Várias permissões de acesso no sistema também estavam bloqueadas.
A expressão de Sophia mudou ligeiramente ao se lembrar das palavras que Olivia tentara dizer antes de sair, e que ela mesma havia interrompido.
Seu semblante se fechou.
Ela não podia admitir que a culpa era sua.
Após pensar por alguns segundos, Sophia recuperou a compostura e pegou o elevador para a sala do CEO, no último andar.
Quando chegou, a assistente interfonou para anunciá-la.
Michael respondeu prontamente:
— Pode deixá-la entrar.
Sophia entrou e o chamou com uma voz suave:
— Michael.
Michael pousou o documento que estava lendo, com a expressão suavizando, e perguntou:
— O que faz aqui? Você não deveria estar cuidando da transição? Como estão as coisas?
— A transição foi feita, mas... — Sophia baixou os olhos, com um tom hesitante, como se não tivesse certeza se deveria falar.
Michael franziu levemente a testa e perguntou:
— Mas o quê? A Olivia dificultou as coisas para você?
Sophia mordeu o lábio e balançou a cabeça:
— Não, ela não dificultou... mas talvez estivesse de mau humor, o que acabou gerando algumas falhas na transição... Agora não consigo acessar várias permissões e não posso começar a trabalhar direito!
O olhar de Michael escureceu, tornando-se frio.
Ele se levantou e perguntou a Sophia em voz baixa:
— Ela ainda está na empresa?
Sophia respondeu:
— Não, ela já foi embora.
Ela rapidamente assumiu uma expressão compreensiva, dizendo:
— Michael, não fique bravo com ela.

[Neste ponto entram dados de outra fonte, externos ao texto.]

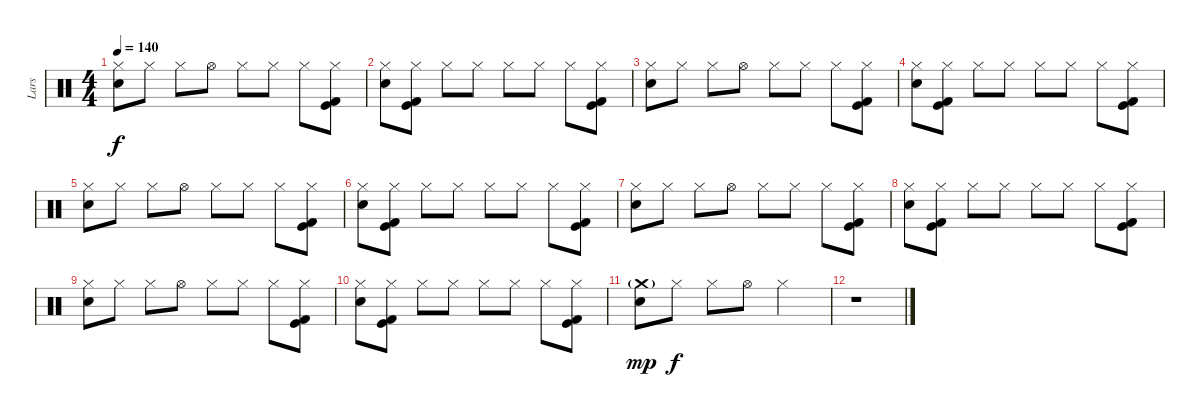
\track ("Lars" "Lars") {instrument percussion}
\staff {score}
\articulation defaults
\ts (4 4)
\tempo 140
\clef neutral
\ks c
("Hi-Hat (closed)" "Electric Snare (hit)").8{dy f} "Hi-Hat (closed)".8 "Hi-Hat (closed)".8 "Hi-Hat (open)".8 "Hi-Hat (closed)".8 "Hi-Hat (closed)".8 "Hi-Hat (closed)".8 ("Hi-Hat (closed)" "Kick (hit)" "Kick (hit) 2").8 |
("Hi-Hat (closed)" "Electric Snare (hit)").8 ("Hi-Hat (closed)" "Kick (hit)" "Kick (hit) 2").8 "Hi-Hat (closed)".8 "Hi-Hat (closed)".8 "Hi-Hat (closed)".8 "Hi-Hat (closed)".8 "Hi-Hat (closed)".8 ("Hi-Hat (closed)" "Kick (hit)" "Kick (hit) 2").8 |
("Hi-Hat (closed)" "Electric Snare (hit)").8 "Hi-Hat (closed)".8 "Hi-Hat (closed)".8 "Hi-Hat (open)".8 "Hi-Hat (closed)".8 "Hi-Hat (closed)".8 "Hi-Hat (closed)".8 ("Hi-Hat (closed)" "Kick (hit)" "Kick (hit) 2").8 |
("Hi-Hat (closed)" "Electric Snare (hit)").8 ("Hi-Hat (closed)" "Kick (hit)" "Kick (hit) 2").8 "Hi-Hat (closed)".8 "Hi-Hat (closed)".8 "Hi-Hat (closed)".8 "Hi-Hat (closed)".8 "Hi-Hat (closed)".8 ("Hi-Hat (closed)" "Kick (hit)" "Kick (hit) 2").8 |
("Hi-Hat (closed)" "Electric Snare (hit)").8 "Hi-Hat (closed)".8 "Hi-Hat (closed)".8 "Hi-Hat (open)".8 "Hi-Hat (closed)".8 "Hi-Hat (closed)".8 "Hi-Hat (closed)".8 ("Hi-Hat (closed)" "Kick (hit)" "Kick (hit) 2").8 |
("Hi-Hat (closed)" "Electric Snare (hit)").8 ("Hi-Hat (closed)" "Kick (hit)" "Kick (hit) 2").8 "Hi-Hat (closed)".8 "Hi-Hat (closed)".8 "Hi-Hat (closed)".8 "Hi-Hat (closed)".8 "Hi-Hat (closed)".8 ("Hi-Hat (closed)" "Kick (hit)" "Kick (hit) 2").8 |
("Hi-Hat (closed)" "Electric Snare (hit)").8 "Hi-Hat (closed)".8 "Hi-Hat (closed)".8 "Hi-Hat (open)".8 "Hi-Hat (closed)".8 "Hi-Hat (closed)".8 "Hi-Hat (closed)".8 ("Hi-Hat (closed)" "Kick (hit)" "Kick (hit) 2").8 |
("Hi-Hat (closed)" "Electric Snare (hit)").8 ("Hi-Hat (closed)" "Kick (hit)" "Kick (hit) 2").8 "Hi-Hat (closed)".8 "Hi-Hat (closed)".8 "Hi-Hat (closed)".8 "Hi-Hat (closed)".8 "Hi-Hat (closed)".8 ("Hi-Hat (closed)" "Kick (hit)" "Kick (hit) 2").8 |
("Hi-Hat (closed)" "Electric Snare (hit)").8 "Hi-Hat (closed)".8 "Hi-Hat (closed)".8 "Hi-Hat (open)".8 "Hi-Hat (closed)".8 "Hi-Hat (closed)".8 "Hi-Hat (closed)".8 ("Hi-Hat (closed)" "Kick (hit)" "Kick (hit) 2").8 |
("Hi-Hat (closed)" "Electric Snare (hit)").8 ("Hi-Hat (closed)" "Kick (hit)" "Kick (hit) 2").8 "Hi-Hat (closed)".8 "Hi-Hat (closed)".8 "Hi-Hat (closed)".8 "Hi-Hat (closed)".8 "Hi-Hat (closed)".8 ("Hi-Hat (closed)" "Kick (hit)" "Kick (hit) 2").8 |
("Crash medium (hit)"{g} "Electric Snare (hit)").8{dy mp} "Hi-Hat (closed)".8{dy f} "Hi-Hat (closed)".8 "Hi-Hat (open)".8 "Hi-Hat (closed)".2 |
r.1
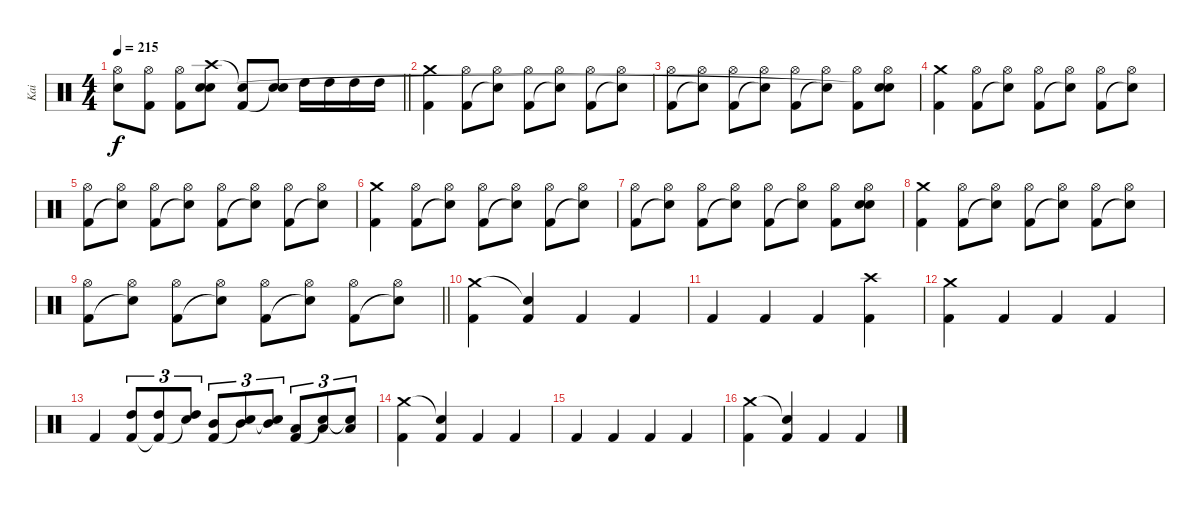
\track ("Kai" "Kai") {instrument percussion}
\staff {score}
\articulation defaults
\ts (4 4)
\tempo 215
\clef neutral
\barLineRight lightlight
\ks c
("Hi-Hat (open)" "Snare (hit) 2").8{dy f} ("Hi-Hat (open)" "Kick (hit) 2").8 ("Hi-Hat (open)" "Kick (hit) 2").8 ("Crash high (hit)" "Snare (hit) 2" "Snare (hit)"{t}).8 ("Snare (hit)"{t} "Kick (hit) 2").8 ("Snare (hit) 2" "Snare (hit)"{t}).8 "High Tom (hit)".16 "High Tom (hit)".16 "High Tom (hit)".16 "High Tom (hit)".16 |
("Crash medium (hit)" "Kick (hit) 2").4 ("Hi-Hat (open)" "Kick (hit) 2").8 ("Hi-Hat (open)" "Snare (hit)"{t}).8 ("Hi-Hat (open)" "Kick (hit) 2").8 ("Hi-Hat (open)" "Snare (hit)"{t}).8 ("Hi-Hat (open)" "Kick (hit) 2").8 ("Hi-Hat (open)" "Snare (hit)"{t}).8 |
("Hi-Hat (open)" "Kick (hit) 2").8 ("Hi-Hat (open)" "Snare (hit)"{t}).8 ("Hi-Hat (open)" "Kick (hit) 2").8 ("Hi-Hat (open)" "Snare (hit)"{t}).8 ("Hi-Hat (open)" "Kick (hit) 2").8 ("Hi-Hat (open)" "Snare (hit)"{t}).8 ("Hi-Hat (open)" "Kick (hit) 2").8 ("Hi-Hat (open)" "Snare (hit) 2" "Snare (hit)"{t}).8 |
("Crash medium (hit)" "Kick (hit) 2").4 ("Hi-Hat (open)" "Kick (hit) 2").8 ("Hi-Hat (open)" "Snare (hit)"{t}).8 ("Hi-Hat (open)" "Kick (hit) 2").8 ("Hi-Hat (open)" "Snare (hit)"{t}).8 ("Hi-Hat (open)" "Kick (hit) 2").8 ("Hi-Hat (open)" "Snare (hit)"{t}).8 |
("Hi-Hat (open)" "Kick (hit) 2").8 ("Hi-Hat (open)" "Snare (hit)"{t}).8 ("Hi-Hat (open)" "Kick (hit) 2").8 ("Hi-Hat (open)" "Snare (hit)"{t}).8 ("Hi-Hat (open)" "Kick (hit) 2").8 ("Hi-Hat (open)" "Snare (hit)"{t}).8 ("Hi-Hat (open)" "Kick (hit) 2").8 ("Hi-Hat (open)" "Snare (hit)"{t}).8 |
("Crash medium (hit)" "Kick (hit) 2").4 ("Hi-Hat (open)" "Kick (hit) 2").8 ("Hi-Hat (open)" "Snare (hit)"{t}).8 ("Hi-Hat (open)" "Kick (hit) 2").8 ("Hi-Hat (open)" "Snare (hit)"{t}).8 ("Hi-Hat (open)" "Kick (hit) 2").8 ("Hi-Hat (open)" "Snare (hit)"{t}).8 |
("Hi-Hat (open)" "Kick (hit) 2").8 ("Hi-Hat (open)" "Snare (hit)"{t}).8 ("Hi-Hat (open)" "Kick (hit) 2").8 ("Hi-Hat (open)" "Snare (hit)"{t}).8 ("Hi-Hat (open)" "Kick (hit) 2").8 ("Hi-Hat (open)" "Snare (hit)"{t}).8 ("Hi-Hat (open)" "Kick (hit) 2").8 ("Hi-Hat (open)" "Snare (hit) 2" "Snare (hit)").8 |
("Crash medium (hit)" "Kick (hit) 2").4 ("Hi-Hat (open)" "Kick (hit) 2").8 ("Hi-Hat (open)" "Snare (hit)"{t}).8 ("Hi-Hat (open)" "Kick (hit) 2").8 ("Hi-Hat (open)" "Snare (hit)"{t}).8 ("Hi-Hat (open)" "Kick (hit) 2").8 ("Hi-Hat (open)" "Snare (hit)"{t}).8 |
\barLineRight lightlight
("Hi-Hat (open)" "Kick (hit) 2").8 ("Hi-Hat (open)" "Snare (hit)"{t}).8 ("Hi-Hat (open)" "Kick (hit) 2").8 ("Hi-Hat (open)" "Snare (hit)"{t}).8 ("Hi-Hat (open)" "Kick (hit) 2").8 ("Hi-Hat (open)" "Snare (hit)"{t}).8 ("Hi-Hat (open)" "Kick (hit) 2").8 ("Hi-Hat (open)" "Snare (hit)"{t}).8 |
("Crash medium (hit)" "Kick (hit) 2").4 ("Snare (hit)"{t} "Kick (hit) 2").4 "Kick (hit) 2".4 "Kick (hit) 2".4 |
"Kick (hit) 2".4 "Kick (hit) 2".4 "Kick (hit) 2".4 ("Crash high (hit)" "Kick (hit) 2").4 |
("Crash medium (hit)" "Kick (hit) 2").4 "Kick (hit) 2".4 "Kick (hit) 2".4 "Kick (hit) 2".4 |
"Kick (hit) 2".4 ("High Tom (hit)" "Kick (hit) 2").8{tu (3 2)} ("High Tom (hit)" "Kick (hit) 2"{t}).8{tu (3 2)} ("High Tom (hit)" "Snare (hit)"{t}).8{tu (3 2)} ("Mid Tom (hit)" "Kick (hit) 2").8{tu (3 2)} ("Mid Tom (hit)" "Snare (hit)"{t}).8{tu (3 2)} ("Mid Tom (hit)" "Snare (hit)"{t}).8{tu (3 2)} ("Low Tom (hit)" "Kick (hit) 2").8{tu (3 2)} ("Low Tom (hit)" "Snare (hit)"{t}).8{tu (3 2)} ("Low Tom (hit)" "Snare (hit)"{t}).8{tu (3 2)} |
("Crash medium (hit)" "Kick (hit) 2").4 ("Snare (hit)"{t} "Kick (hit) 2").4 "Kick (hit) 2".4 "Kick (hit) 2".4 |
"Kick (hit) 2".4 "Kick (hit) 2".4 "Kick (hit) 2".4 "Kick (hit) 2".4 |
("Crash medium (hit)" "Kick (hit) 2").4 ("Snare (hit)"{t} "Kick (hit) 2").4 "Kick (hit) 2".4 "Kick (hit) 2".4
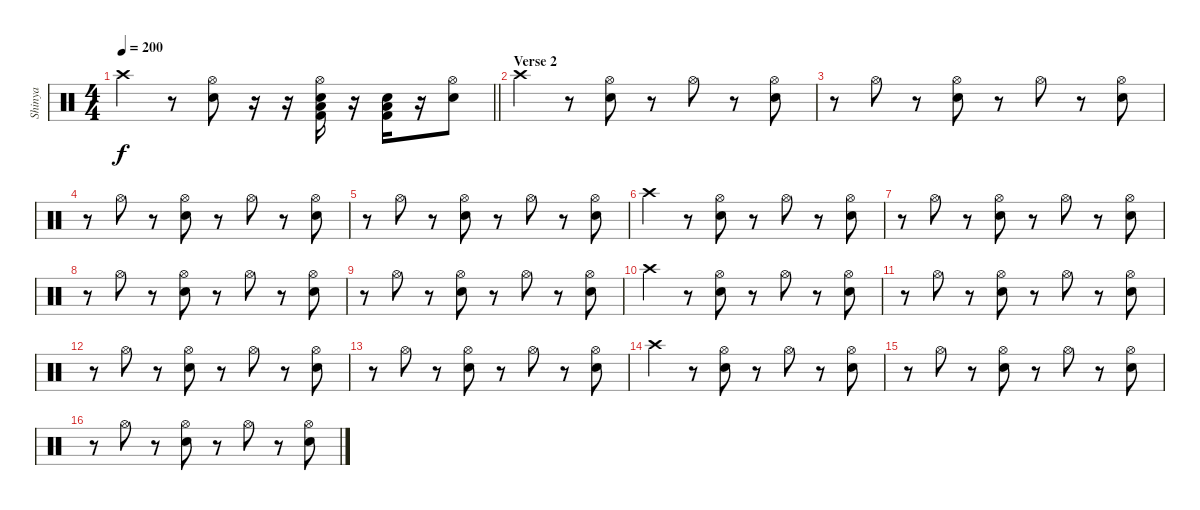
\track ("Shinya" "Shinya") {instrument percussion}
\staff {score}
\articulation defaults
\ts (4 4)
\tempo 200
\clef neutral
\barLineRight lightlight
\ks c "Crash high (hit)".4{dy f}
r.8 ("Hi-Hat (open)" "Electric Snare (hit)").8 r.16 r.16 ("Hi-Hat (open)" "Kick (hit) 2" "Electric Snare (hit)" "Low Tom (hit)").16 r.16 ("Kick (hit) 2" "Electric Snare (hit)" "Low Tom (hit)").16 r.16 ("Hi-Hat (open)" "Electric Snare (hit)").8 |
\section ("" "Verse 2")
"Crash high (hit)".4 r.8 ("Hi-Hat (open)" "Electric Snare (hit)").8 r.8 "Hi-Hat (open)".8 r.8 ("Hi-Hat (open)" "Electric Snare (hit)").8 |
r.8 "Hi-Hat (open)".8 r.8 ("Hi-Hat (open)" "Electric Snare (hit)").8 r.8 "Hi-Hat (open)".8 r.8 ("Hi-Hat (open)" "Electric Snare (hit)").8 |
r.8 "Hi-Hat (open)".8 r.8 ("Hi-Hat (open)" "Electric Snare (hit)").8 r.8 "Hi-Hat (open)".8 r.8 ("Hi-Hat (open)" "Electric Snare (hit)").8 |
r.8 "Hi-Hat (open)".8 r.8 ("Hi-Hat (open)" "Electric Snare (hit)").8 r.8 "Hi-Hat (open)".8 r.8 ("Hi-Hat (open)" "Electric Snare (hit)").8 |
"Crash high (hit)".4 r.8 ("Hi-Hat (open)" "Electric Snare (hit)").8 r.8 "Hi-Hat (open)".8 r.8 ("Hi-Hat (open)" "Electric Snare (hit)").8 |
r.8 "Hi-Hat (open)".8 r.8 ("Hi-Hat (open)" "Electric Snare (hit)").8 r.8 "Hi-Hat (open)".8 r.8 ("Hi-Hat (open)" "Electric Snare (hit)").8 |
r.8 "Hi-Hat (open)".8 r.8 ("Hi-Hat (open)" "Electric Snare (hit)").8 r.8 "Hi-Hat (open)".8 r.8 ("Hi-Hat (open)" "Electric Snare (hit)").8 |
r.8 "Hi-Hat (open)".8 r.8 ("Hi-Hat (open)" "Electric Snare (hit)").8 r.8 "Hi-Hat (open)".8 r.8 ("Hi-Hat (open)" "Electric Snare (hit)").8 |
"Crash high (hit)".4 r.8 ("Hi-Hat (open)" "Electric Snare (hit)").8 r.8 "Hi-Hat (open)".8 r.8 ("Hi-Hat (open)" "Electric Snare (hit)").8 |
r.8 "Hi-Hat (open)".8 r.8 ("Hi-Hat (open)" "Electric Snare (hit)").8 r.8 "Hi-Hat (open)".8 r.8 ("Hi-Hat (open)" "Electric Snare (hit)").8 |
r.8 "Hi-Hat (open)".8 r.8 ("Hi-Hat (open)" "Electric Snare (hit)").8 r.8 "Hi-Hat (open)".8 r.8 ("Hi-Hat (open)" "Electric Snare (hit)").8 |
r.8 "Hi-Hat (open)".8 r.8 ("Hi-Hat (open)" "Electric Snare (hit)").8 r.8 "Hi-Hat (open)".8 r.8 ("Hi-Hat (open)" "Electric Snare (hit)").8 |
"Crash high (hit)".4 r.8 ("Hi-Hat (open)" "Electric Snare (hit)").8 r.8 "Hi-Hat (open)".8 r.8 ("Hi-Hat (open)" "Electric Snare (hit)").8 |
r.8 "Hi-Hat (open)".8 r.8 ("Hi-Hat (open)" "Electric Snare (hit)").8 r.8 "Hi-Hat (open)".8 r.8 ("Hi-Hat (open)" "Electric Snare (hit)").8 |
r.8 "Hi-Hat (open)".8 r.8 ("Hi-Hat (open)" "Electric Snare (hit)").8 r.8 "Hi-Hat (open)".8 r.8 ("Hi-Hat (open)" "Electric Snare (hit)").8

Acho que a Olivia não fez isso de propósito. A culpa é minha por não ter sido cuidadosa o bastante e não ter percebido a tempo. Se eu tivesse prestado mais atenção antes, isso não teria acontecido...
— Não invente desculpas para ela. — Michael a interrompeu, com uma expressão descontente. — Isso não é culpa sua. A Olivia fez isso de propósito. Sophia, eu cuido disso. Volte para a sua sala e espere por notícias minhas.
Dito isso, Michael pegou seu paletó e saiu da sala.
Sophia o observou se afastar, com um sorriso de satisfação curvando seus lábios.